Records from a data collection
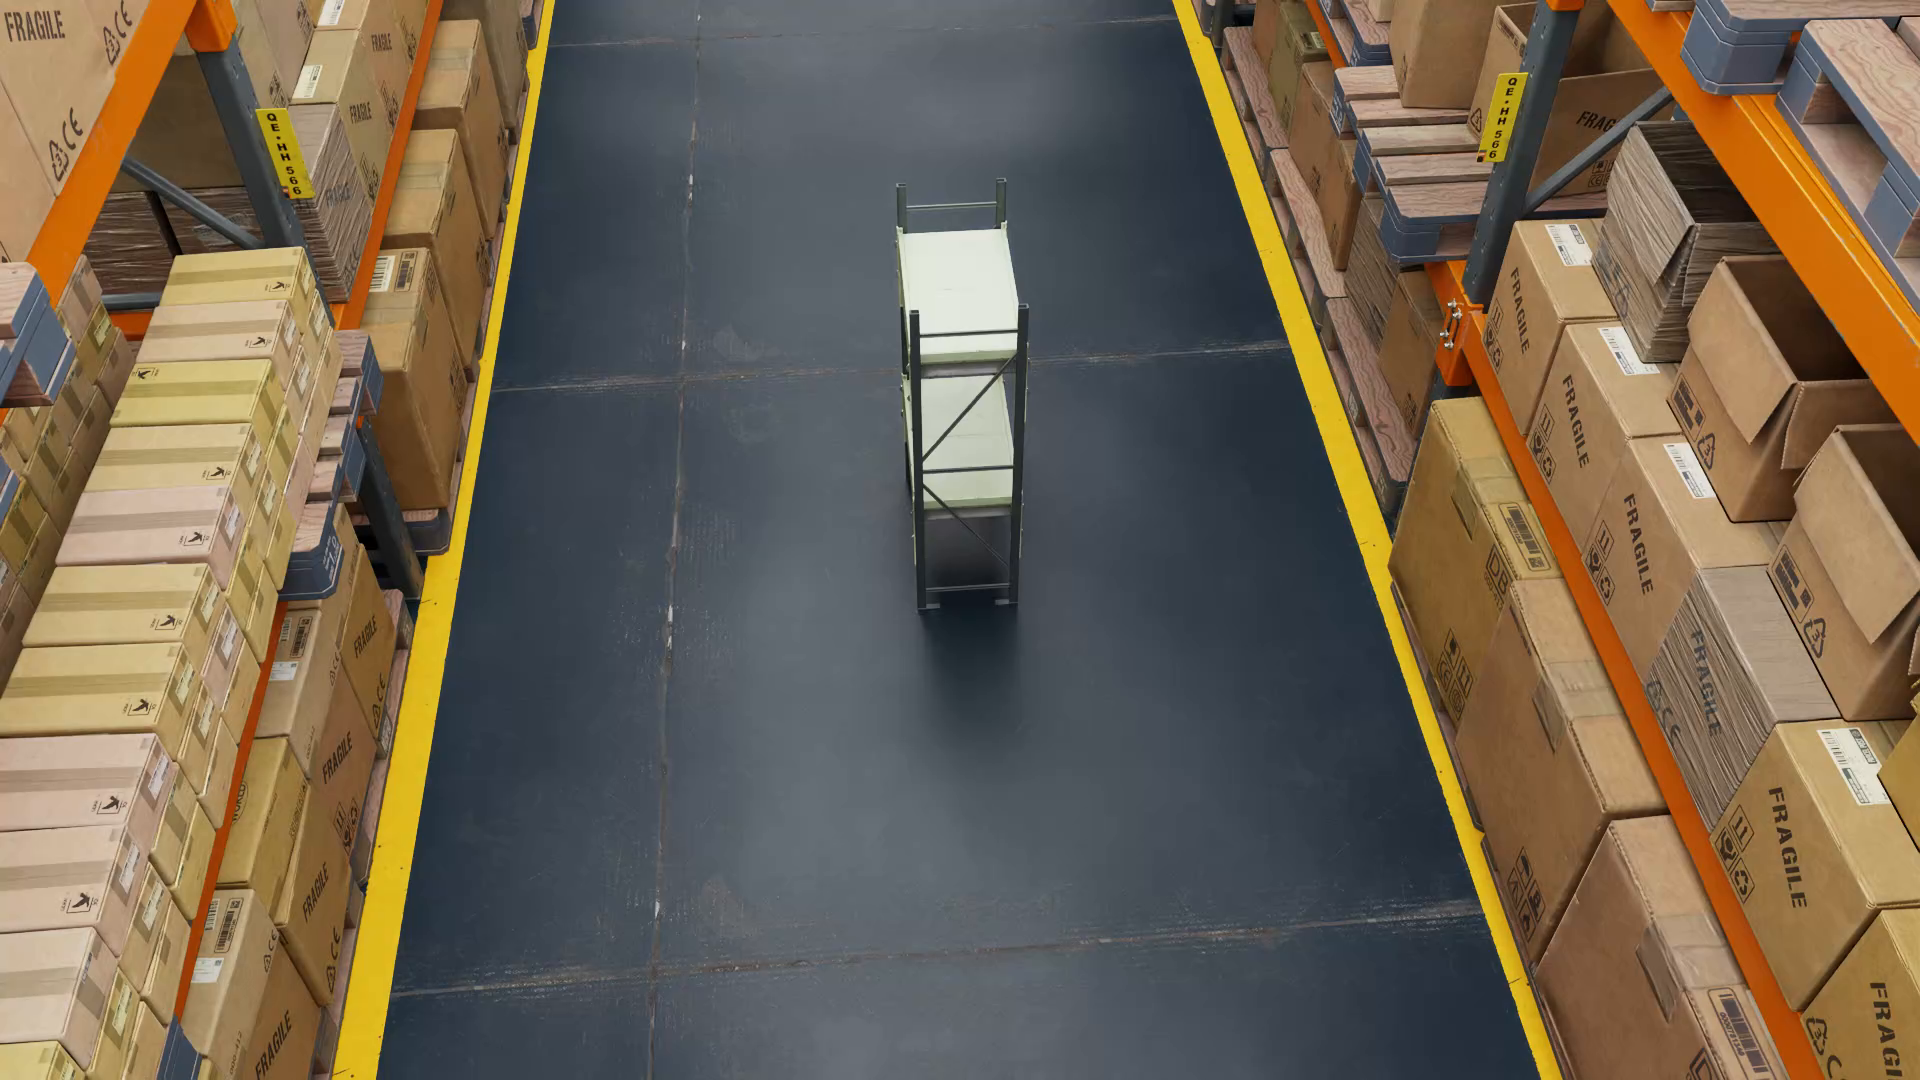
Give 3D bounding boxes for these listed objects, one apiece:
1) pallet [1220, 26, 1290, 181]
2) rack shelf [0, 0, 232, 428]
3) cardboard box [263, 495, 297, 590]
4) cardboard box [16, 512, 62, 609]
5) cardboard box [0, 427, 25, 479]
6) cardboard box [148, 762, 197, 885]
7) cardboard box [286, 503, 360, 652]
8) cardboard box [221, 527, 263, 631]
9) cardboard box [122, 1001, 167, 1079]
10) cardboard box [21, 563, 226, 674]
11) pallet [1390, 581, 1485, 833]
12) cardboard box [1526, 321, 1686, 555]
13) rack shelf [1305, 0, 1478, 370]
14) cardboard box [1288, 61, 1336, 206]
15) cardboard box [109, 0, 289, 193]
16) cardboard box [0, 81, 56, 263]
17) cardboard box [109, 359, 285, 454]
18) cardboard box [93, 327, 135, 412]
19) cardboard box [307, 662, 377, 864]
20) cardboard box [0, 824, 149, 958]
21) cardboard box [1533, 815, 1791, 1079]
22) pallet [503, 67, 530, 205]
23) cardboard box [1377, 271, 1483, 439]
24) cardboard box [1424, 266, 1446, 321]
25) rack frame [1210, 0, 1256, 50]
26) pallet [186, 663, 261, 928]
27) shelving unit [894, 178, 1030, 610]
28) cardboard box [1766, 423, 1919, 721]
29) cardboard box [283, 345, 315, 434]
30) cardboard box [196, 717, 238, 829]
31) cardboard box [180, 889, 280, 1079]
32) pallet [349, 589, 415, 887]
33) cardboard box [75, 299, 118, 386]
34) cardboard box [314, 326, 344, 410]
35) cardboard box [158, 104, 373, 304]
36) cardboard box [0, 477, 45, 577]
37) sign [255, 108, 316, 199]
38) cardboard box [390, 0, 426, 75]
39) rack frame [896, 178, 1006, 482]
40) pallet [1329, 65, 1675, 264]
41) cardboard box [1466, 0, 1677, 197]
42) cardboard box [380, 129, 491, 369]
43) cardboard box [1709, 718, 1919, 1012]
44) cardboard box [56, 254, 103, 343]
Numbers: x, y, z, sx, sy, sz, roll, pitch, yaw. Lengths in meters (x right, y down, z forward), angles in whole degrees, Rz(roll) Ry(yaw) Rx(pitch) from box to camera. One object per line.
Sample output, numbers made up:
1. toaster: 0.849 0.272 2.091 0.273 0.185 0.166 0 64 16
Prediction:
1. pallet: 2.022 -2.401 9.015 1.003 0.211 1.213 -3 47 -3
2. rack shelf: -2.493 -0.137 3.380 1.077 0.370 4.000 -3 47 -3
3. cardboard box: -2.103 0.017 4.688 0.380 0.149 0.250 -4 47 -4
4. cardboard box: -2.755 0.062 4.645 0.380 0.149 0.250 -2 47 -1
5. cardboard box: -2.752 -0.153 4.440 0.380 0.149 0.250 -5 47 -5
6. cardboard box: -2.015 0.672 3.863 0.380 0.149 0.250 -4 47 -4
7. cardboard box: -2.342 0.136 5.608 0.500 0.250 0.500 -4 47 -4
8. cardboard box: -2.078 0.114 4.392 0.380 0.149 0.250 -4 47 -4
9. cardboard box: -1.967 1.160 3.606 0.380 0.149 0.250 -3 47 -3
10. cardboard box: -2.057 0.200 4.106 0.380 0.149 0.250 -1 47 -1
11. pallet: 2.281 0.505 6.263 1.003 0.211 1.213 -3 47 -3
12. cardboard box: 2.105 -0.322 5.056 0.500 0.500 0.500 -5 47 -4
13. rack shelf: 2.123 -2.228 7.426 1.077 0.370 4.000 -3 47 -3
14. cardboard box: 2.054 -2.018 8.150 0.700 0.500 0.500 -7 47 -7
15. cardboard box: -2.688 -1.504 5.487 0.700 0.500 0.500 -4 47 -4
16. cardboard box: -2.267 -0.745 3.392 0.500 0.500 0.500 -3 47 -3
17. cardboard box: -2.122 -0.365 4.640 0.380 0.149 0.250 -2 47 -2
18. cardboard box: -2.824 -0.522 5.199 0.380 0.149 0.250 -4 47 -4
19. cardboard box: -2.305 0.751 5.542 0.500 0.500 0.500 -2 47 -2
20. cardboard box: -1.989 0.765 3.570 0.380 0.149 0.250 -4 47 -4
21. cardboard box: 2.476 1.343 4.722 1.225 0.875 0.875 -5 47 -5
22. pallet: -2.856 -2.182 8.807 1.003 0.211 1.213 -3 47 -3
23. cardboard box: 2.214 -0.804 7.001 0.700 0.500 0.500 -6 47 -5
24. cardboard box: 2.204 -1.061 6.728 0.500 0.250 0.500 -2 47 -2
25. rack frame: 1.955 -3.923 8.536 1.000 3.000 0.127 -3 47 -3
26. pallet: -2.454 0.695 4.294 1.003 0.211 1.213 -3 47 -3
27. shelving unit: -0.001 -0.521 6.347 0.431 1.500 0.755 -3 47 -3
28. cardboard box: 2.450 0.079 3.986 0.797 0.503 0.637 -2 47 -2
29. cardboard box: -2.142 -0.438 4.914 0.380 0.149 0.250 -2 47 -2
30. cardboard box: -2.033 0.596 4.140 0.380 0.149 0.250 -5 47 -5
31. cardboard box: -2.210 1.246 4.556 0.500 0.250 0.500 -2 47 -2
32. pallet: -2.597 0.724 6.055 1.003 0.211 1.213 -3 47 -3
33. cardboard box: -2.820 -0.599 5.067 0.380 0.149 0.250 -2 47 -2
34. cardboard box: -2.161 -0.529 5.206 0.380 0.149 0.250 -3 47 -3
35. cardboard box: -2.429 -1.176 5.865 0.500 0.500 0.500 -3 47 -3
36. cardboard box: -2.749 -0.027 4.525 0.380 0.149 0.250 -3 47 -3
37. sign: -2.121 -1.211 5.225 0.100 0.325 0.005 -3 47 -3
38. cardboard box: -2.556 -2.269 6.901 0.500 0.500 0.500 -4 47 -4
39. rack frame: -0.031 -0.785 6.597 0.400 1.500 0.023 -3 47 -3
40. pallet: 2.124 -1.472 6.347 1.213 0.211 1.003 -3 47 -3
41. cardboard box: 2.205 -1.596 5.974 0.500 0.500 0.500 -9 47 -8
42. cardboard box: -2.699 -1.249 7.264 1.050 0.750 0.750 -3 47 -3
43. cardboard box: 2.229 0.773 4.019 0.500 0.500 0.500 -4 47 -4
44. cardboard box: -2.815 -0.714 4.970 0.380 0.149 0.250 -3 47 -3

Task to complete:
Write out each line of the data above exactly, starting at the top and finishing with the line containing "15) cardboard box [109, 0, 289, 193]"; omit the pictures.

Task solution:
Give 3D bounding boxes for these listed objects, one apiece:
1) pallet [1220, 26, 1290, 181]
2) rack shelf [0, 0, 232, 428]
3) cardboard box [263, 495, 297, 590]
4) cardboard box [16, 512, 62, 609]
5) cardboard box [0, 427, 25, 479]
6) cardboard box [148, 762, 197, 885]
7) cardboard box [286, 503, 360, 652]
8) cardboard box [221, 527, 263, 631]
9) cardboard box [122, 1001, 167, 1079]
10) cardboard box [21, 563, 226, 674]
11) pallet [1390, 581, 1485, 833]
12) cardboard box [1526, 321, 1686, 555]
13) rack shelf [1305, 0, 1478, 370]
14) cardboard box [1288, 61, 1336, 206]
15) cardboard box [109, 0, 289, 193]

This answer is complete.